--- ASSIGNMENT ---
Beneath this line is the data. Output exactly the lines from the line with "Keep it short and to the point. 42.96." to the line with "Make the answer very short. 572.", both ends included, and nothing more.

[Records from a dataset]
════════════════
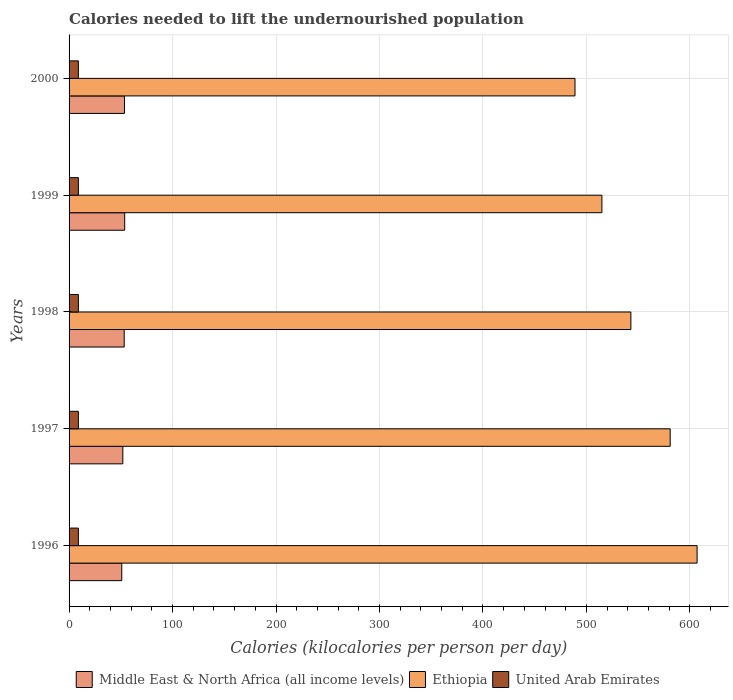Are the number of bars per tick equal to the number of legend labels?
Provide a short and direct response. Yes. Are the number of bars on each tick of the Y-axis equal?
Give a very brief answer. Yes. How many bars are there on the 4th tick from the top?
Keep it short and to the point. 3. What is the label of the 3rd group of bars from the top?
Make the answer very short. 1998. In how many cases, is the number of bars for a given year not equal to the number of legend labels?
Provide a short and direct response. 0. What is the total calories needed to lift the undernourished population in Ethiopia in 1998?
Keep it short and to the point. 543. Across all years, what is the maximum total calories needed to lift the undernourished population in United Arab Emirates?
Keep it short and to the point. 9. Across all years, what is the minimum total calories needed to lift the undernourished population in Middle East & North Africa (all income levels)?
Offer a terse response. 50.92. In which year was the total calories needed to lift the undernourished population in Middle East & North Africa (all income levels) minimum?
Your answer should be very brief. 1996. What is the total total calories needed to lift the undernourished population in United Arab Emirates in the graph?
Give a very brief answer. 45. What is the difference between the total calories needed to lift the undernourished population in Middle East & North Africa (all income levels) in 1997 and that in 1998?
Keep it short and to the point. -1.33. What is the difference between the total calories needed to lift the undernourished population in Ethiopia in 1998 and the total calories needed to lift the undernourished population in Middle East & North Africa (all income levels) in 1999?
Keep it short and to the point. 489.25. In the year 1997, what is the difference between the total calories needed to lift the undernourished population in Middle East & North Africa (all income levels) and total calories needed to lift the undernourished population in United Arab Emirates?
Your answer should be compact. 42.96. In how many years, is the total calories needed to lift the undernourished population in United Arab Emirates greater than 300 kilocalories?
Your answer should be compact. 0. What is the ratio of the total calories needed to lift the undernourished population in Middle East & North Africa (all income levels) in 1997 to that in 1998?
Your answer should be compact. 0.98. Is the total calories needed to lift the undernourished population in Middle East & North Africa (all income levels) in 1997 less than that in 1999?
Keep it short and to the point. Yes. Is the difference between the total calories needed to lift the undernourished population in Middle East & North Africa (all income levels) in 1997 and 2000 greater than the difference between the total calories needed to lift the undernourished population in United Arab Emirates in 1997 and 2000?
Your response must be concise. No. What is the difference between the highest and the second highest total calories needed to lift the undernourished population in Middle East & North Africa (all income levels)?
Your answer should be compact. 0.19. What is the difference between the highest and the lowest total calories needed to lift the undernourished population in Middle East & North Africa (all income levels)?
Keep it short and to the point. 2.83. What does the 3rd bar from the top in 1998 represents?
Ensure brevity in your answer.  Middle East & North Africa (all income levels). What does the 1st bar from the bottom in 2000 represents?
Provide a succinct answer. Middle East & North Africa (all income levels). Is it the case that in every year, the sum of the total calories needed to lift the undernourished population in Ethiopia and total calories needed to lift the undernourished population in Middle East & North Africa (all income levels) is greater than the total calories needed to lift the undernourished population in United Arab Emirates?
Offer a terse response. Yes. What is the difference between two consecutive major ticks on the X-axis?
Your answer should be compact. 100. Does the graph contain any zero values?
Your answer should be compact. No. How many legend labels are there?
Give a very brief answer. 3. How are the legend labels stacked?
Offer a terse response. Horizontal. What is the title of the graph?
Ensure brevity in your answer.  Calories needed to lift the undernourished population. Does "High income: nonOECD" appear as one of the legend labels in the graph?
Ensure brevity in your answer.  No. What is the label or title of the X-axis?
Keep it short and to the point. Calories (kilocalories per person per day). What is the Calories (kilocalories per person per day) of Middle East & North Africa (all income levels) in 1996?
Your response must be concise. 50.92. What is the Calories (kilocalories per person per day) in Ethiopia in 1996?
Your response must be concise. 607. What is the Calories (kilocalories per person per day) in United Arab Emirates in 1996?
Keep it short and to the point. 9. What is the Calories (kilocalories per person per day) of Middle East & North Africa (all income levels) in 1997?
Your response must be concise. 51.96. What is the Calories (kilocalories per person per day) of Ethiopia in 1997?
Your answer should be compact. 581. What is the Calories (kilocalories per person per day) of United Arab Emirates in 1997?
Your answer should be very brief. 9. What is the Calories (kilocalories per person per day) of Middle East & North Africa (all income levels) in 1998?
Keep it short and to the point. 53.29. What is the Calories (kilocalories per person per day) in Ethiopia in 1998?
Keep it short and to the point. 543. What is the Calories (kilocalories per person per day) in Middle East & North Africa (all income levels) in 1999?
Provide a short and direct response. 53.75. What is the Calories (kilocalories per person per day) of Ethiopia in 1999?
Your answer should be compact. 515. What is the Calories (kilocalories per person per day) in United Arab Emirates in 1999?
Keep it short and to the point. 9. What is the Calories (kilocalories per person per day) of Middle East & North Africa (all income levels) in 2000?
Give a very brief answer. 53.56. What is the Calories (kilocalories per person per day) of Ethiopia in 2000?
Offer a very short reply. 489. What is the Calories (kilocalories per person per day) in United Arab Emirates in 2000?
Keep it short and to the point. 9. Across all years, what is the maximum Calories (kilocalories per person per day) of Middle East & North Africa (all income levels)?
Give a very brief answer. 53.75. Across all years, what is the maximum Calories (kilocalories per person per day) of Ethiopia?
Offer a terse response. 607. Across all years, what is the maximum Calories (kilocalories per person per day) in United Arab Emirates?
Ensure brevity in your answer.  9. Across all years, what is the minimum Calories (kilocalories per person per day) of Middle East & North Africa (all income levels)?
Make the answer very short. 50.92. Across all years, what is the minimum Calories (kilocalories per person per day) in Ethiopia?
Make the answer very short. 489. Across all years, what is the minimum Calories (kilocalories per person per day) in United Arab Emirates?
Keep it short and to the point. 9. What is the total Calories (kilocalories per person per day) of Middle East & North Africa (all income levels) in the graph?
Your response must be concise. 263.48. What is the total Calories (kilocalories per person per day) of Ethiopia in the graph?
Make the answer very short. 2735. What is the total Calories (kilocalories per person per day) of United Arab Emirates in the graph?
Your answer should be very brief. 45. What is the difference between the Calories (kilocalories per person per day) in Middle East & North Africa (all income levels) in 1996 and that in 1997?
Your answer should be very brief. -1.04. What is the difference between the Calories (kilocalories per person per day) in Ethiopia in 1996 and that in 1997?
Give a very brief answer. 26. What is the difference between the Calories (kilocalories per person per day) in United Arab Emirates in 1996 and that in 1997?
Offer a terse response. 0. What is the difference between the Calories (kilocalories per person per day) of Middle East & North Africa (all income levels) in 1996 and that in 1998?
Provide a short and direct response. -2.36. What is the difference between the Calories (kilocalories per person per day) of Middle East & North Africa (all income levels) in 1996 and that in 1999?
Ensure brevity in your answer.  -2.83. What is the difference between the Calories (kilocalories per person per day) of Ethiopia in 1996 and that in 1999?
Provide a short and direct response. 92. What is the difference between the Calories (kilocalories per person per day) in Middle East & North Africa (all income levels) in 1996 and that in 2000?
Ensure brevity in your answer.  -2.63. What is the difference between the Calories (kilocalories per person per day) of Ethiopia in 1996 and that in 2000?
Ensure brevity in your answer.  118. What is the difference between the Calories (kilocalories per person per day) of United Arab Emirates in 1996 and that in 2000?
Ensure brevity in your answer.  0. What is the difference between the Calories (kilocalories per person per day) in Middle East & North Africa (all income levels) in 1997 and that in 1998?
Your response must be concise. -1.33. What is the difference between the Calories (kilocalories per person per day) in United Arab Emirates in 1997 and that in 1998?
Provide a succinct answer. 0. What is the difference between the Calories (kilocalories per person per day) of Middle East & North Africa (all income levels) in 1997 and that in 1999?
Give a very brief answer. -1.79. What is the difference between the Calories (kilocalories per person per day) in Ethiopia in 1997 and that in 1999?
Your response must be concise. 66. What is the difference between the Calories (kilocalories per person per day) in United Arab Emirates in 1997 and that in 1999?
Ensure brevity in your answer.  0. What is the difference between the Calories (kilocalories per person per day) of Middle East & North Africa (all income levels) in 1997 and that in 2000?
Offer a very short reply. -1.6. What is the difference between the Calories (kilocalories per person per day) in Ethiopia in 1997 and that in 2000?
Provide a succinct answer. 92. What is the difference between the Calories (kilocalories per person per day) in United Arab Emirates in 1997 and that in 2000?
Your answer should be very brief. 0. What is the difference between the Calories (kilocalories per person per day) of Middle East & North Africa (all income levels) in 1998 and that in 1999?
Keep it short and to the point. -0.46. What is the difference between the Calories (kilocalories per person per day) of Middle East & North Africa (all income levels) in 1998 and that in 2000?
Ensure brevity in your answer.  -0.27. What is the difference between the Calories (kilocalories per person per day) of United Arab Emirates in 1998 and that in 2000?
Your response must be concise. 0. What is the difference between the Calories (kilocalories per person per day) of Middle East & North Africa (all income levels) in 1999 and that in 2000?
Provide a short and direct response. 0.19. What is the difference between the Calories (kilocalories per person per day) in Ethiopia in 1999 and that in 2000?
Your response must be concise. 26. What is the difference between the Calories (kilocalories per person per day) of Middle East & North Africa (all income levels) in 1996 and the Calories (kilocalories per person per day) of Ethiopia in 1997?
Offer a terse response. -530.08. What is the difference between the Calories (kilocalories per person per day) in Middle East & North Africa (all income levels) in 1996 and the Calories (kilocalories per person per day) in United Arab Emirates in 1997?
Your response must be concise. 41.92. What is the difference between the Calories (kilocalories per person per day) of Ethiopia in 1996 and the Calories (kilocalories per person per day) of United Arab Emirates in 1997?
Offer a very short reply. 598. What is the difference between the Calories (kilocalories per person per day) in Middle East & North Africa (all income levels) in 1996 and the Calories (kilocalories per person per day) in Ethiopia in 1998?
Your answer should be compact. -492.08. What is the difference between the Calories (kilocalories per person per day) in Middle East & North Africa (all income levels) in 1996 and the Calories (kilocalories per person per day) in United Arab Emirates in 1998?
Ensure brevity in your answer.  41.92. What is the difference between the Calories (kilocalories per person per day) in Ethiopia in 1996 and the Calories (kilocalories per person per day) in United Arab Emirates in 1998?
Your answer should be very brief. 598. What is the difference between the Calories (kilocalories per person per day) in Middle East & North Africa (all income levels) in 1996 and the Calories (kilocalories per person per day) in Ethiopia in 1999?
Your answer should be compact. -464.08. What is the difference between the Calories (kilocalories per person per day) of Middle East & North Africa (all income levels) in 1996 and the Calories (kilocalories per person per day) of United Arab Emirates in 1999?
Provide a short and direct response. 41.92. What is the difference between the Calories (kilocalories per person per day) in Ethiopia in 1996 and the Calories (kilocalories per person per day) in United Arab Emirates in 1999?
Your response must be concise. 598. What is the difference between the Calories (kilocalories per person per day) in Middle East & North Africa (all income levels) in 1996 and the Calories (kilocalories per person per day) in Ethiopia in 2000?
Ensure brevity in your answer.  -438.08. What is the difference between the Calories (kilocalories per person per day) in Middle East & North Africa (all income levels) in 1996 and the Calories (kilocalories per person per day) in United Arab Emirates in 2000?
Ensure brevity in your answer.  41.92. What is the difference between the Calories (kilocalories per person per day) in Ethiopia in 1996 and the Calories (kilocalories per person per day) in United Arab Emirates in 2000?
Make the answer very short. 598. What is the difference between the Calories (kilocalories per person per day) of Middle East & North Africa (all income levels) in 1997 and the Calories (kilocalories per person per day) of Ethiopia in 1998?
Your answer should be very brief. -491.04. What is the difference between the Calories (kilocalories per person per day) of Middle East & North Africa (all income levels) in 1997 and the Calories (kilocalories per person per day) of United Arab Emirates in 1998?
Give a very brief answer. 42.96. What is the difference between the Calories (kilocalories per person per day) of Ethiopia in 1997 and the Calories (kilocalories per person per day) of United Arab Emirates in 1998?
Your response must be concise. 572. What is the difference between the Calories (kilocalories per person per day) in Middle East & North Africa (all income levels) in 1997 and the Calories (kilocalories per person per day) in Ethiopia in 1999?
Keep it short and to the point. -463.04. What is the difference between the Calories (kilocalories per person per day) in Middle East & North Africa (all income levels) in 1997 and the Calories (kilocalories per person per day) in United Arab Emirates in 1999?
Keep it short and to the point. 42.96. What is the difference between the Calories (kilocalories per person per day) in Ethiopia in 1997 and the Calories (kilocalories per person per day) in United Arab Emirates in 1999?
Make the answer very short. 572. What is the difference between the Calories (kilocalories per person per day) of Middle East & North Africa (all income levels) in 1997 and the Calories (kilocalories per person per day) of Ethiopia in 2000?
Your response must be concise. -437.04. What is the difference between the Calories (kilocalories per person per day) in Middle East & North Africa (all income levels) in 1997 and the Calories (kilocalories per person per day) in United Arab Emirates in 2000?
Ensure brevity in your answer.  42.96. What is the difference between the Calories (kilocalories per person per day) of Ethiopia in 1997 and the Calories (kilocalories per person per day) of United Arab Emirates in 2000?
Your answer should be compact. 572. What is the difference between the Calories (kilocalories per person per day) in Middle East & North Africa (all income levels) in 1998 and the Calories (kilocalories per person per day) in Ethiopia in 1999?
Make the answer very short. -461.71. What is the difference between the Calories (kilocalories per person per day) of Middle East & North Africa (all income levels) in 1998 and the Calories (kilocalories per person per day) of United Arab Emirates in 1999?
Ensure brevity in your answer.  44.29. What is the difference between the Calories (kilocalories per person per day) in Ethiopia in 1998 and the Calories (kilocalories per person per day) in United Arab Emirates in 1999?
Offer a very short reply. 534. What is the difference between the Calories (kilocalories per person per day) of Middle East & North Africa (all income levels) in 1998 and the Calories (kilocalories per person per day) of Ethiopia in 2000?
Keep it short and to the point. -435.71. What is the difference between the Calories (kilocalories per person per day) in Middle East & North Africa (all income levels) in 1998 and the Calories (kilocalories per person per day) in United Arab Emirates in 2000?
Offer a terse response. 44.29. What is the difference between the Calories (kilocalories per person per day) in Ethiopia in 1998 and the Calories (kilocalories per person per day) in United Arab Emirates in 2000?
Offer a terse response. 534. What is the difference between the Calories (kilocalories per person per day) of Middle East & North Africa (all income levels) in 1999 and the Calories (kilocalories per person per day) of Ethiopia in 2000?
Offer a very short reply. -435.25. What is the difference between the Calories (kilocalories per person per day) of Middle East & North Africa (all income levels) in 1999 and the Calories (kilocalories per person per day) of United Arab Emirates in 2000?
Your answer should be very brief. 44.75. What is the difference between the Calories (kilocalories per person per day) in Ethiopia in 1999 and the Calories (kilocalories per person per day) in United Arab Emirates in 2000?
Provide a short and direct response. 506. What is the average Calories (kilocalories per person per day) in Middle East & North Africa (all income levels) per year?
Offer a very short reply. 52.7. What is the average Calories (kilocalories per person per day) in Ethiopia per year?
Provide a short and direct response. 547. In the year 1996, what is the difference between the Calories (kilocalories per person per day) of Middle East & North Africa (all income levels) and Calories (kilocalories per person per day) of Ethiopia?
Keep it short and to the point. -556.08. In the year 1996, what is the difference between the Calories (kilocalories per person per day) of Middle East & North Africa (all income levels) and Calories (kilocalories per person per day) of United Arab Emirates?
Provide a succinct answer. 41.92. In the year 1996, what is the difference between the Calories (kilocalories per person per day) of Ethiopia and Calories (kilocalories per person per day) of United Arab Emirates?
Offer a very short reply. 598. In the year 1997, what is the difference between the Calories (kilocalories per person per day) in Middle East & North Africa (all income levels) and Calories (kilocalories per person per day) in Ethiopia?
Keep it short and to the point. -529.04. In the year 1997, what is the difference between the Calories (kilocalories per person per day) in Middle East & North Africa (all income levels) and Calories (kilocalories per person per day) in United Arab Emirates?
Provide a short and direct response. 42.96. In the year 1997, what is the difference between the Calories (kilocalories per person per day) in Ethiopia and Calories (kilocalories per person per day) in United Arab Emirates?
Provide a succinct answer. 572. In the year 1998, what is the difference between the Calories (kilocalories per person per day) of Middle East & North Africa (all income levels) and Calories (kilocalories per person per day) of Ethiopia?
Offer a very short reply. -489.71. In the year 1998, what is the difference between the Calories (kilocalories per person per day) of Middle East & North Africa (all income levels) and Calories (kilocalories per person per day) of United Arab Emirates?
Make the answer very short. 44.29. In the year 1998, what is the difference between the Calories (kilocalories per person per day) in Ethiopia and Calories (kilocalories per person per day) in United Arab Emirates?
Your answer should be compact. 534. In the year 1999, what is the difference between the Calories (kilocalories per person per day) in Middle East & North Africa (all income levels) and Calories (kilocalories per person per day) in Ethiopia?
Offer a very short reply. -461.25. In the year 1999, what is the difference between the Calories (kilocalories per person per day) of Middle East & North Africa (all income levels) and Calories (kilocalories per person per day) of United Arab Emirates?
Offer a very short reply. 44.75. In the year 1999, what is the difference between the Calories (kilocalories per person per day) in Ethiopia and Calories (kilocalories per person per day) in United Arab Emirates?
Your answer should be compact. 506. In the year 2000, what is the difference between the Calories (kilocalories per person per day) of Middle East & North Africa (all income levels) and Calories (kilocalories per person per day) of Ethiopia?
Offer a terse response. -435.44. In the year 2000, what is the difference between the Calories (kilocalories per person per day) of Middle East & North Africa (all income levels) and Calories (kilocalories per person per day) of United Arab Emirates?
Give a very brief answer. 44.56. In the year 2000, what is the difference between the Calories (kilocalories per person per day) of Ethiopia and Calories (kilocalories per person per day) of United Arab Emirates?
Your response must be concise. 480. What is the ratio of the Calories (kilocalories per person per day) in Ethiopia in 1996 to that in 1997?
Give a very brief answer. 1.04. What is the ratio of the Calories (kilocalories per person per day) of Middle East & North Africa (all income levels) in 1996 to that in 1998?
Your answer should be very brief. 0.96. What is the ratio of the Calories (kilocalories per person per day) of Ethiopia in 1996 to that in 1998?
Keep it short and to the point. 1.12. What is the ratio of the Calories (kilocalories per person per day) of Middle East & North Africa (all income levels) in 1996 to that in 1999?
Give a very brief answer. 0.95. What is the ratio of the Calories (kilocalories per person per day) of Ethiopia in 1996 to that in 1999?
Provide a short and direct response. 1.18. What is the ratio of the Calories (kilocalories per person per day) in United Arab Emirates in 1996 to that in 1999?
Provide a short and direct response. 1. What is the ratio of the Calories (kilocalories per person per day) of Middle East & North Africa (all income levels) in 1996 to that in 2000?
Your answer should be compact. 0.95. What is the ratio of the Calories (kilocalories per person per day) in Ethiopia in 1996 to that in 2000?
Your answer should be compact. 1.24. What is the ratio of the Calories (kilocalories per person per day) of Middle East & North Africa (all income levels) in 1997 to that in 1998?
Your answer should be compact. 0.98. What is the ratio of the Calories (kilocalories per person per day) in Ethiopia in 1997 to that in 1998?
Offer a terse response. 1.07. What is the ratio of the Calories (kilocalories per person per day) in United Arab Emirates in 1997 to that in 1998?
Offer a terse response. 1. What is the ratio of the Calories (kilocalories per person per day) of Middle East & North Africa (all income levels) in 1997 to that in 1999?
Your answer should be very brief. 0.97. What is the ratio of the Calories (kilocalories per person per day) in Ethiopia in 1997 to that in 1999?
Make the answer very short. 1.13. What is the ratio of the Calories (kilocalories per person per day) of United Arab Emirates in 1997 to that in 1999?
Offer a terse response. 1. What is the ratio of the Calories (kilocalories per person per day) of Middle East & North Africa (all income levels) in 1997 to that in 2000?
Provide a short and direct response. 0.97. What is the ratio of the Calories (kilocalories per person per day) of Ethiopia in 1997 to that in 2000?
Offer a very short reply. 1.19. What is the ratio of the Calories (kilocalories per person per day) of Ethiopia in 1998 to that in 1999?
Offer a very short reply. 1.05. What is the ratio of the Calories (kilocalories per person per day) in United Arab Emirates in 1998 to that in 1999?
Give a very brief answer. 1. What is the ratio of the Calories (kilocalories per person per day) in Ethiopia in 1998 to that in 2000?
Provide a succinct answer. 1.11. What is the ratio of the Calories (kilocalories per person per day) in United Arab Emirates in 1998 to that in 2000?
Your answer should be compact. 1. What is the ratio of the Calories (kilocalories per person per day) in Ethiopia in 1999 to that in 2000?
Your answer should be very brief. 1.05. What is the difference between the highest and the second highest Calories (kilocalories per person per day) in Middle East & North Africa (all income levels)?
Offer a very short reply. 0.19. What is the difference between the highest and the lowest Calories (kilocalories per person per day) of Middle East & North Africa (all income levels)?
Provide a short and direct response. 2.83. What is the difference between the highest and the lowest Calories (kilocalories per person per day) of Ethiopia?
Provide a short and direct response. 118.
════════════════
--- EXERCISE RESULT ---
Keep it short and to the point. 42.96. What is the difference between the Calories (kilocalories per person per day) in Ethiopia in 1997 and the Calories (kilocalories per person per day) in United Arab Emirates in 1999?
Make the answer very short. 572. What is the difference between the Calories (kilocalories per person per day) of Middle East & North Africa (all income levels) in 1997 and the Calories (kilocalories per person per day) of Ethiopia in 2000?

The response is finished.